__Your objective__: Lines that include the string "metres" are the ones to copy from the entries below.

[[ Source material open ]]

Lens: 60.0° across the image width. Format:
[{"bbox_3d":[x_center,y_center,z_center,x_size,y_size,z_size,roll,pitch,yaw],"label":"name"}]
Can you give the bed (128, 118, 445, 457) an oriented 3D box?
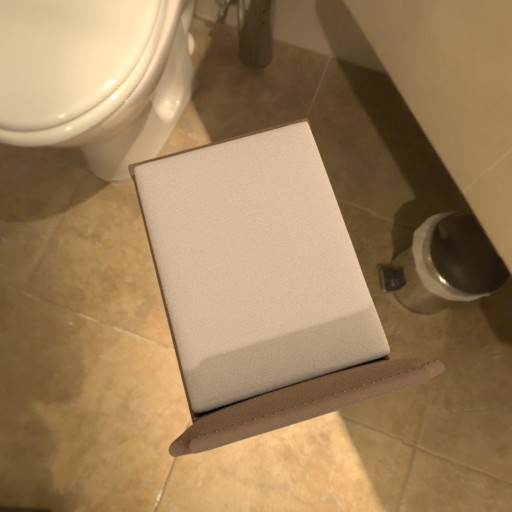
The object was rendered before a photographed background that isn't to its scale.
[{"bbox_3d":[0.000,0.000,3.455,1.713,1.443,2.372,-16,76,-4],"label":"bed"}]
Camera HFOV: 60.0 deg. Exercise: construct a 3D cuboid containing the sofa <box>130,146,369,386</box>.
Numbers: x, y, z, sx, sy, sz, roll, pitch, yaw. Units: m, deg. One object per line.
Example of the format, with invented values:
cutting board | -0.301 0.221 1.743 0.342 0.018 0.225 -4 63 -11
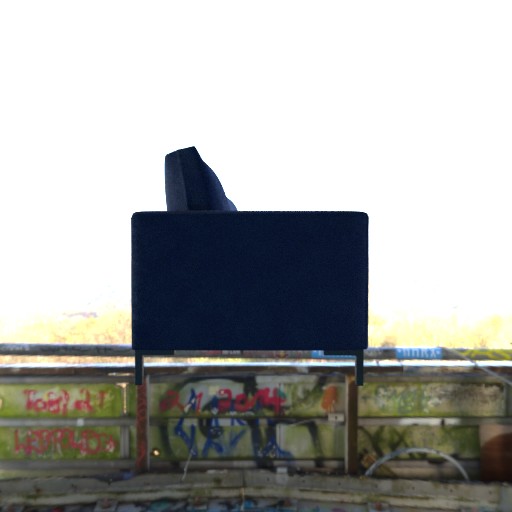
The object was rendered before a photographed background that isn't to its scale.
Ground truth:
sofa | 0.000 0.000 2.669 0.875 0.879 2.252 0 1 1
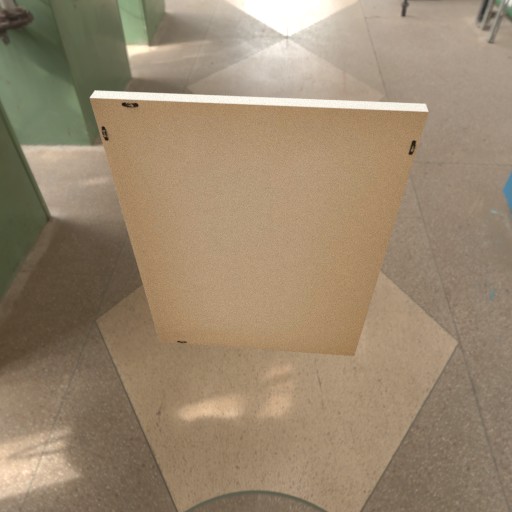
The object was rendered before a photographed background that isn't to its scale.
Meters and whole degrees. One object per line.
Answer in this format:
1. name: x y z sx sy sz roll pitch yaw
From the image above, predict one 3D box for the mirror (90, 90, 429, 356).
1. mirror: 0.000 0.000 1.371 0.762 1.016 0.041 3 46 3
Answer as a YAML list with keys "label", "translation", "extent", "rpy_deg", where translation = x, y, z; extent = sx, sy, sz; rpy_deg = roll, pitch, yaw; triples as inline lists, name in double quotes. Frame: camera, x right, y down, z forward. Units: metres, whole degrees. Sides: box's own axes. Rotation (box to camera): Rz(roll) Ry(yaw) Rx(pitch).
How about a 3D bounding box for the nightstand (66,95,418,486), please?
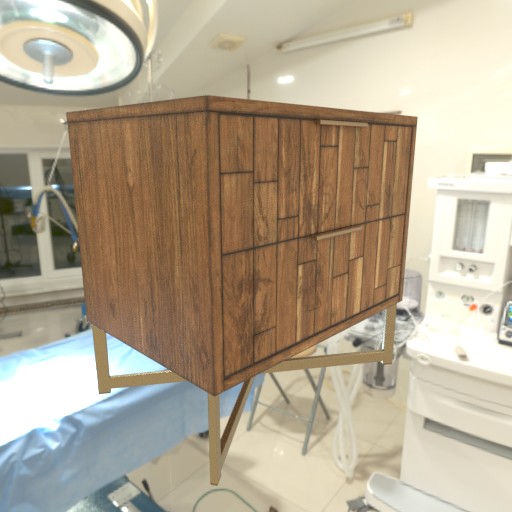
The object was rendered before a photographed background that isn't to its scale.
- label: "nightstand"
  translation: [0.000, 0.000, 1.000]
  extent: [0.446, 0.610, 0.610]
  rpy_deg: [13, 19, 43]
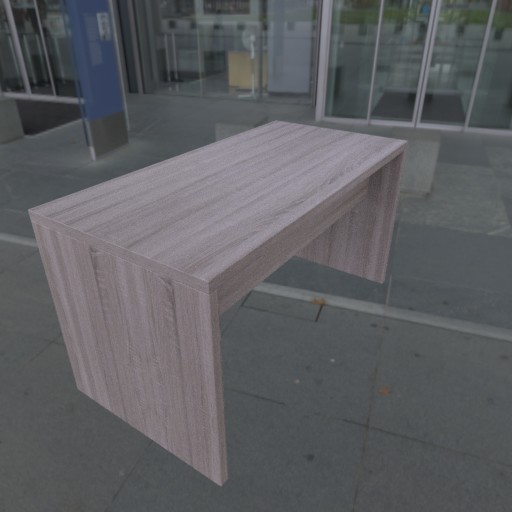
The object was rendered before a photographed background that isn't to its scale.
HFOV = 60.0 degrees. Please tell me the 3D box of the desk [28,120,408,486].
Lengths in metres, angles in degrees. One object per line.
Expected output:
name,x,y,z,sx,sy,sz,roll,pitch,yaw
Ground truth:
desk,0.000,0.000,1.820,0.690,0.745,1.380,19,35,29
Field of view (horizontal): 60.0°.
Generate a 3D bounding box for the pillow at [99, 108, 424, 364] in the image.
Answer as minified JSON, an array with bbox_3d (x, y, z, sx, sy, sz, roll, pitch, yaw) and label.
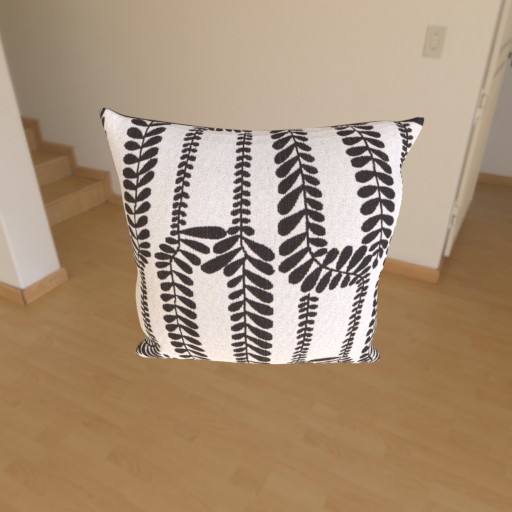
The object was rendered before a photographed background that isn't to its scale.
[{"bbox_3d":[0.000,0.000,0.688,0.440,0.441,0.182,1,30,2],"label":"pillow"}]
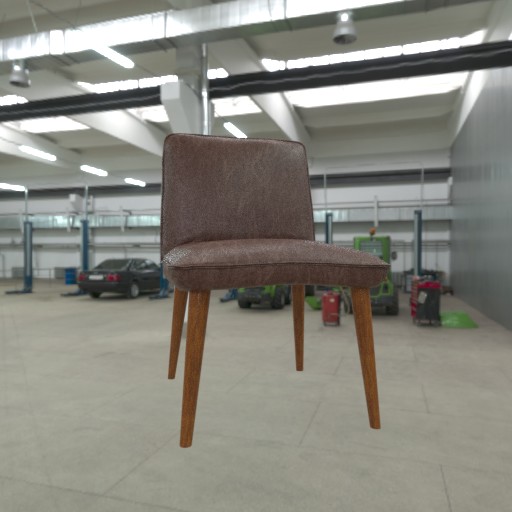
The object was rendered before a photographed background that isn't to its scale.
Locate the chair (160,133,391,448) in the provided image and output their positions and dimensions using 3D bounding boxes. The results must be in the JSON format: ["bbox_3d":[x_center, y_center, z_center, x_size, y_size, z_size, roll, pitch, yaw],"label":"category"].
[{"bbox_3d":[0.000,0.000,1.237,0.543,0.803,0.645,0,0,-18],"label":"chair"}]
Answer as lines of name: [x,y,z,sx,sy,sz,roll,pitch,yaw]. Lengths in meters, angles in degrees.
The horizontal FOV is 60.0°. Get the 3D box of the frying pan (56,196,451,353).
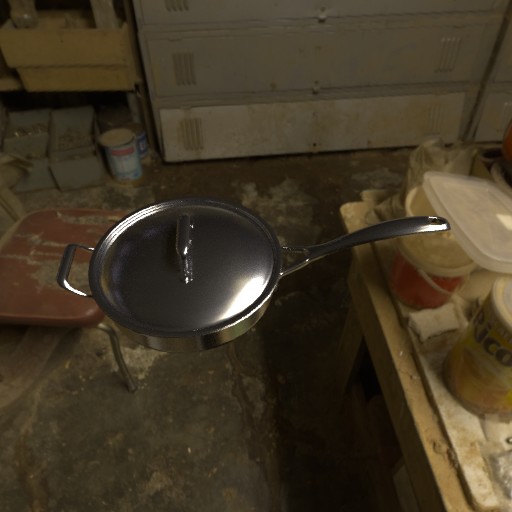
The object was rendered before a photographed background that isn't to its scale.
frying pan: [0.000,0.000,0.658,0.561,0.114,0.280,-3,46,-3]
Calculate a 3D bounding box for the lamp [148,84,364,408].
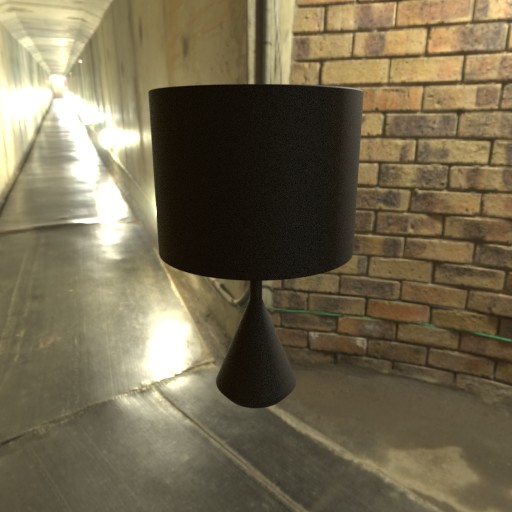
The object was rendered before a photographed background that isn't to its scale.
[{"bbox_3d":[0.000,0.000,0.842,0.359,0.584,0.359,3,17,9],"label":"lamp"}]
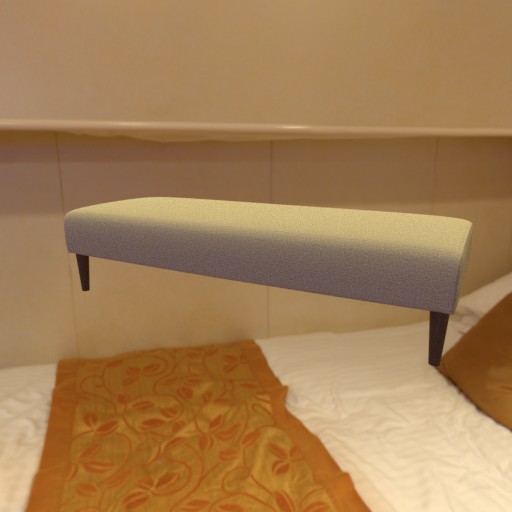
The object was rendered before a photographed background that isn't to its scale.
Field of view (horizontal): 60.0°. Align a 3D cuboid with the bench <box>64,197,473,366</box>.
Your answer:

[[ Source material closed ]]

__Task result__:
Answer as a YAML list with keys "label", "translation", "extent", "rpy_deg", where translation = x, y, z; extent = sx, sy, sz; rpy_deg = roll, pitch, yaw; triples as inline lists, name in double quotes. Frame: camera, x right, y down, z forward. Units: metres, whole degrees. Sides: box's own axes. Rotation (box to camera): Rz(roll) Ry(yaw) Rx(pitch).
Lengths in metres, angles in degrees. One object per line.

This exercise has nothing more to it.